Making a difference to many

Making a difference to many

15 March 2019

I was one of six children to adventurous and curious parents. We lived in various countries around the globe, including Italy and the US, and our way of doing things was always a little unconventional. When we went on holidays, we went camping in famous European cities and slept in ‘sleeping sheets’ that my mother had sewn from scraps of material with kid-friendly prints. From my father, I learned to ‘work hard and play hard.’ A family joke was that a 30-minute bushwalk with my parents could take upwards of 2 hours, given that we had to examine every native plant along the track. My father, who was an anesthesiologist, and my mother, who taught and researched public health, never pressured us to follow them in their medical careers. But my mother would often talk about the joys of impacting people’s lives with epidemiological research and public health policies. Her mantra of ‘making a difference to many’ really struck a chord with me.

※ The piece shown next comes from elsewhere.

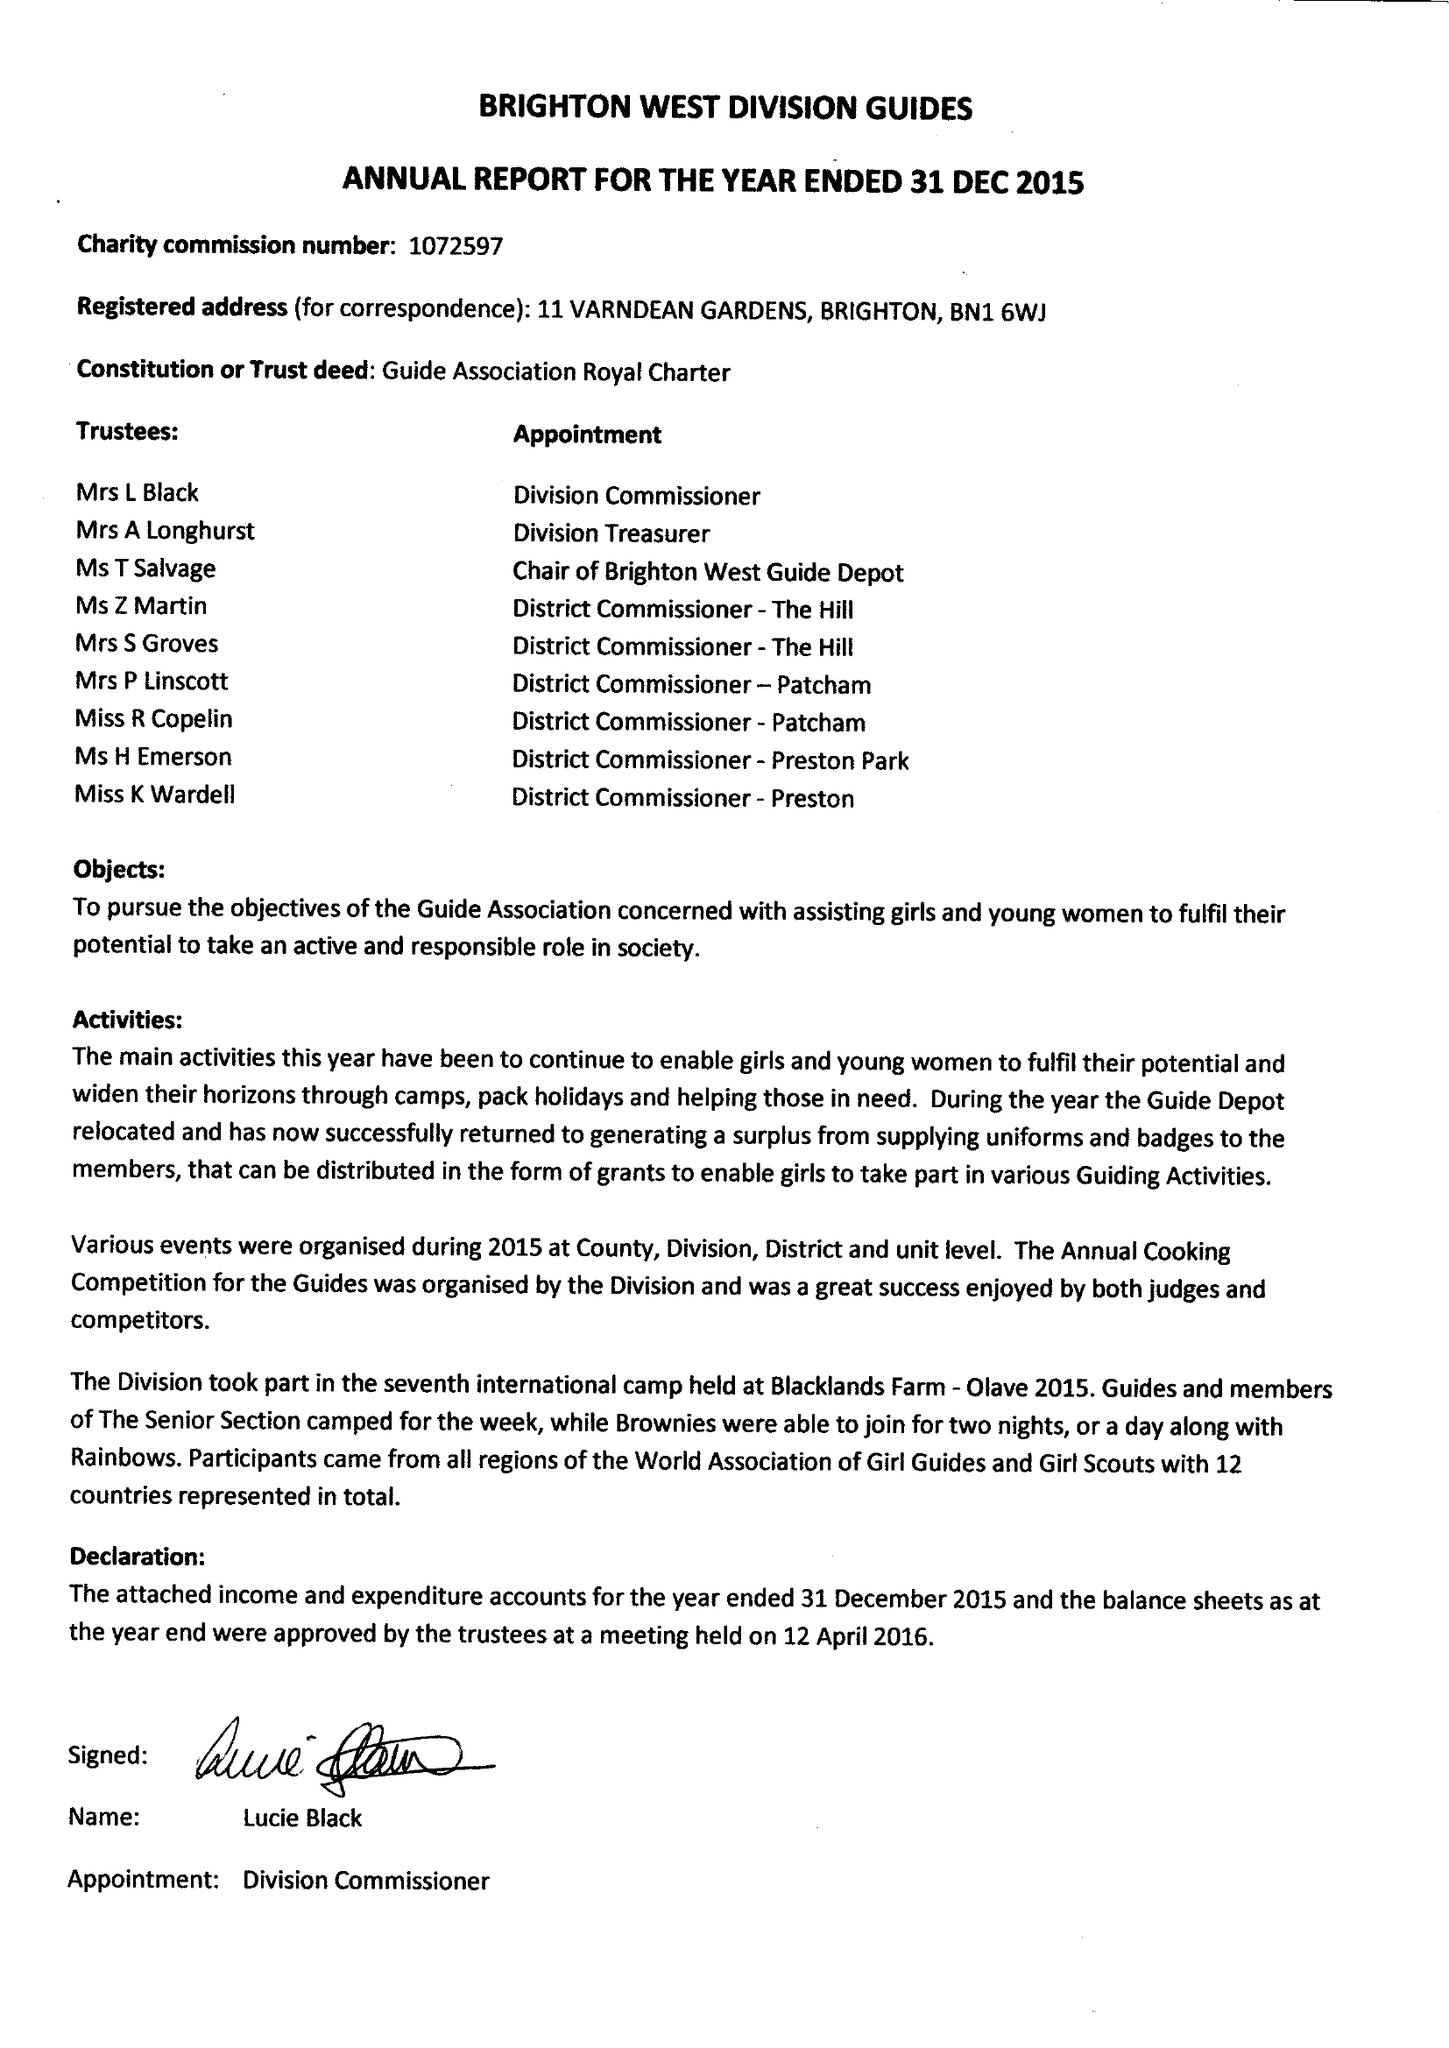What is the value for the charity_number?
Answer the question using a single word or phrase. 1072597

I grew up reading the medical books my parents owned. This might be why after completing a PhD in chemistry (supervised by a powerhouse of a mentor, Margaret Harding) and a Fulbright postdoctoral fellowship with Reza Ghadiri at The Scripps Research Institute in California, I felt that my chemistry PhD could be supplemented with in-depth medical knowledge. So I went to medical school, which I completed in 2000.

A sliding doors moment came a few years later when I had a chance meeting with the Australian pathologist Richard Scolyer. I had just had my third baby and completed my oncology training, and I was considering which area of cancer to specialize in. Richard cycled past my backyard in Sydney and stopped to chat. “You’re crazy if you don’t get into melanoma,” he said. He explained that we Australians have one of the highest incidences of the disease in the world, with no effective drug therapies. Becoming a melanoma specialist would therefore be a huge opportunity to effect change.

Melanoma and its risks were not new to me. My father would warn us of the risk of damage from ultraviolet rays and would wear long-sleeved shirts and wide-brimmed hats outdoors at a time when sunburns weren’t thought of as seriously as they are today. Later, in medical school, I had researched melanoma of the head and neck. So when Richard suggested melanoma as a specialization, I think a part of me was already ready for it.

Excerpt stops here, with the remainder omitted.